There was a silver lining. During this debugging, Claude noticed that the codebase was using L2 (Euclidean) distance rather than cosine distance for vector similarity. This was likely degrading results in the Python version too. A genuine improvement discovered by accident.
Migration Test
Testing with real data migrated from the old Python database to the new Go schema. This is what caught the snippets table regression described above. If you are rewriting a system that has existing production data, migration tests are non-negotiable. They test the one thing smoke tests cannot: whether the new system correctly handles legacy data.
What the AI Got Wrong
To be specific about where the AI failed on this project:
Resurrecting deprecated features. The snippets table rebuild was the most expensive failure. The AI saw domain references, inferred importance, and recreated dead functionality. The fix touched dozens of files.
Dead code accumulation. After refactoring from internal/ to a public API, orphaned packages remained. They appeared used because other orphaned packages imported them. Identifying dead code required understanding the full dependency graph, which the AI could not do unprompted.

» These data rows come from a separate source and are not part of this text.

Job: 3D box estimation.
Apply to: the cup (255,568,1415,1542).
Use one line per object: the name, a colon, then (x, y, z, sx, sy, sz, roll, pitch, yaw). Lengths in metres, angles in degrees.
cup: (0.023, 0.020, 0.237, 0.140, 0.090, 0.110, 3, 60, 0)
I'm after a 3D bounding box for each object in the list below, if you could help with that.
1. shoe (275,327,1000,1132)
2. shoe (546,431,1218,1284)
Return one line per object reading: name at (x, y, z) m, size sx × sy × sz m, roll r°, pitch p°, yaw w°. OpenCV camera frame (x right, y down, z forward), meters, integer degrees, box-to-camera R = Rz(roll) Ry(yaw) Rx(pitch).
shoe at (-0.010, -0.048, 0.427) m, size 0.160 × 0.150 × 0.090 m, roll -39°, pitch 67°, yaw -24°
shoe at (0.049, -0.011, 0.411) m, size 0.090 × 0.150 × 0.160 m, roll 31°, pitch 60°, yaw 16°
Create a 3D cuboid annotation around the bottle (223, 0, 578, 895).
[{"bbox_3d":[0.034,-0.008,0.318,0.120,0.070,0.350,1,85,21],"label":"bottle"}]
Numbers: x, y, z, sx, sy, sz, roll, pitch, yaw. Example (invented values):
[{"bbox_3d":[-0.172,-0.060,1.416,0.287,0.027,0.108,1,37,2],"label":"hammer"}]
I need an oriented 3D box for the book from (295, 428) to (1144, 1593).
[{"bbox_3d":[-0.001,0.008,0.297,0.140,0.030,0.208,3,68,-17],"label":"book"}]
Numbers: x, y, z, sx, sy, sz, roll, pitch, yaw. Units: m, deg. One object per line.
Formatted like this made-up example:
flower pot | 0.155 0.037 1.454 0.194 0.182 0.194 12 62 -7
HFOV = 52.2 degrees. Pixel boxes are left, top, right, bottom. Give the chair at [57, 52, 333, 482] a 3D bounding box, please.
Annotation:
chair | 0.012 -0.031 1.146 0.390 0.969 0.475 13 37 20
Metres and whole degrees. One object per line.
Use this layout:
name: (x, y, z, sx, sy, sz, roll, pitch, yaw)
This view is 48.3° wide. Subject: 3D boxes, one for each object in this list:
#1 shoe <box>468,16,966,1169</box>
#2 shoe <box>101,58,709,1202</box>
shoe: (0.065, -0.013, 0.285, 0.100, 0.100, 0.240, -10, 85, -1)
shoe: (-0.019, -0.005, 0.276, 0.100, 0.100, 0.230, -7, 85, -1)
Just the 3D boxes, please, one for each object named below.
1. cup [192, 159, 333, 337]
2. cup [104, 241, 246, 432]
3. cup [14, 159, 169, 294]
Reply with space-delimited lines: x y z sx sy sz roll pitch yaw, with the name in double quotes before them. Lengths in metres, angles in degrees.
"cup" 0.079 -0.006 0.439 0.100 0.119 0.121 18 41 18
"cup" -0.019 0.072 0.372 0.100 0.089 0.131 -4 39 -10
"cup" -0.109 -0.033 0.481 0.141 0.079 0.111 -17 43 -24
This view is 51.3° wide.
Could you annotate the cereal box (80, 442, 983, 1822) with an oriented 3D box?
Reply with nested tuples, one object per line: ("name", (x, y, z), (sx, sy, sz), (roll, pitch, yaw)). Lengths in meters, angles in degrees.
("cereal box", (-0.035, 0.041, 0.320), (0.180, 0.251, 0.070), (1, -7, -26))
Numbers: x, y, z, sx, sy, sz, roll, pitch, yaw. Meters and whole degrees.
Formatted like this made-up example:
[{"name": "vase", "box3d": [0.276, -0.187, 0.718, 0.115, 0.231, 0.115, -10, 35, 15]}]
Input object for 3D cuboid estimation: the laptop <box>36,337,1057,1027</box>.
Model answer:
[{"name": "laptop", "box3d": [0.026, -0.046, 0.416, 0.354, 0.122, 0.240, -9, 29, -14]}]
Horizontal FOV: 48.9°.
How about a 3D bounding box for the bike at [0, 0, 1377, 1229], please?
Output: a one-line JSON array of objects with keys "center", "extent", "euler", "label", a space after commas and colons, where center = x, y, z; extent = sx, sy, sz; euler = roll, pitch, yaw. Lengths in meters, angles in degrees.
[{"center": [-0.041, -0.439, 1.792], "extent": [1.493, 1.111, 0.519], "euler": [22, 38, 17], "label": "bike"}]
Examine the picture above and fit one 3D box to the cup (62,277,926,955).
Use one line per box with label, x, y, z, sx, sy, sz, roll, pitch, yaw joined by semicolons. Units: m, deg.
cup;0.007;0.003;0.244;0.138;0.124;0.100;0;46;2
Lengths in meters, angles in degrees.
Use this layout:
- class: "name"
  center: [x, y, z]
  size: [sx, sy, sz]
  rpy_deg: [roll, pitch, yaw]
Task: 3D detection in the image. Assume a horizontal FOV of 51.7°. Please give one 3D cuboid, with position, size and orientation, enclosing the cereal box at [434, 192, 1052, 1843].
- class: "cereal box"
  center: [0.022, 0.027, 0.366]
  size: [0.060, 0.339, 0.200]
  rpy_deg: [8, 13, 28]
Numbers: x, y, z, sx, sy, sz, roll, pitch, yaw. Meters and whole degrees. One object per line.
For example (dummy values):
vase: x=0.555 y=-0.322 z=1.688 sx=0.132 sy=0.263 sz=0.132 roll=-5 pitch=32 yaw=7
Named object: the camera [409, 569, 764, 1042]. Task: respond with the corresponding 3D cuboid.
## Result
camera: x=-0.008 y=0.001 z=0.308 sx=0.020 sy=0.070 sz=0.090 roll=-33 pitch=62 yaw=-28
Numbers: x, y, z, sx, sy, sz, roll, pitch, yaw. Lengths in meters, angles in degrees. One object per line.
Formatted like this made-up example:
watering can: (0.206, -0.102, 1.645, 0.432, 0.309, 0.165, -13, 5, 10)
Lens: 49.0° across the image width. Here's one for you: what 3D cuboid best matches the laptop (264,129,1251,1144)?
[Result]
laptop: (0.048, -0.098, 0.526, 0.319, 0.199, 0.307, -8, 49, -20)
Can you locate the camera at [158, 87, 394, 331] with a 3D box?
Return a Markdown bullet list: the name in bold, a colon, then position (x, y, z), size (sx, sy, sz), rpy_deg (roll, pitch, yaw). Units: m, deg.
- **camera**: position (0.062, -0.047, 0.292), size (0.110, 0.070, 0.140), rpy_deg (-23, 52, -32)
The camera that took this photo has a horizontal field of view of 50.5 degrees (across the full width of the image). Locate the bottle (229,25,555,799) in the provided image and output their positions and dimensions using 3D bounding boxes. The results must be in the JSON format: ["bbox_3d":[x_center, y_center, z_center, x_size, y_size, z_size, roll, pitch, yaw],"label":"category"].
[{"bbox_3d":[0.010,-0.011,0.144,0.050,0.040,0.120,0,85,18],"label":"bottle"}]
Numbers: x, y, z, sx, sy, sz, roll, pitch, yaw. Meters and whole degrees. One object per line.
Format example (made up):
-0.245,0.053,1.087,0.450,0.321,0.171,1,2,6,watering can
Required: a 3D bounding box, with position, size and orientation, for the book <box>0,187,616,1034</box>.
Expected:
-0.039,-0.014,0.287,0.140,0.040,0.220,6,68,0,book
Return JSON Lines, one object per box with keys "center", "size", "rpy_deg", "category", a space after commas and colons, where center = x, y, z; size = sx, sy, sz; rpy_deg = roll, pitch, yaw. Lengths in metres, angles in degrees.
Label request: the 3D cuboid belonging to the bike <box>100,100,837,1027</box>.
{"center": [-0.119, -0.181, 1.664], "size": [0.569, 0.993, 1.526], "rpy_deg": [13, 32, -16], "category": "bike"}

Excessive functionality. The AI added features not present in the Python version: multiple embedding format readers, alternative search strategies, extra configuration options. Each addition introduced potential bugs with zero user value.
Missing end-to-end wiring. Individual components worked. The application as a whole did not start correctly the first time. The AI generated each piece but never ran the server. Wiring errors (missing dependency injection, incorrect initialisation order) only appeared when the full system was assembled.
The New Kodit
What users and integrators get from the Go version:
Go client library. Import github.com/helixml/kodit/client and use Kodit programmatically. Search, index repositories, manage enrichments, all through typed Go functions. This is the foundation for the Helix integration.
Same interfaces. The MCP server and CLI behave identically to the Python version. Existing users should see no difference in their workflow.
Database compatibility. SQLite for local-first usage. VectorChord/PostgreSQL for enterprise scale. The Go version supports both, matching the Python version’s flexibility.
Performance. The Go version benefits from compiled execution and Go’s concurrency model for parallel indexing and search. Formal benchmarks are forthcoming, but my initial testing is reporting a 5x performance improvement during testing was noticeably faster for large repositories.
What’s Next
The migration itself inspired new functionality. The dead code and orphaned package problems I encountered manually are exactly the kind of issues Kodit should detect automatically. Dead code detection and duplication analysis are on the roadmap. I also want to get back to benchmarking and indexing improvements.
The Helix integration is underway, with Kodit’s Go client providing native code search within the Helix platform. Community contributions are welcome, particularly around new enrichment strategies and search pipeline improvements.
The Kodit repository is open source. Issues, discussions, and pull requests are the best way to get involved.
Conclusion
The rewrite was worth it. The Go version is cleaner, faster to deploy, and designed for library consumption from the start. The AI-assisted approach compressed what would have been months of manual translation into about three weeks, but it required constant human oversight of architecture and domain correctness.
The biggest lesson is this: AI coding assistants are powerful translators but poor architects. They will faithfully convert Python patterns to Go patterns, function by function, file by file. But they cannot see the system as a whole. They cannot question whether a deprecated table should be rebuilt. They cannot decide which packages should be public. They cannot judge whether in-memory pagination is acceptable at scale.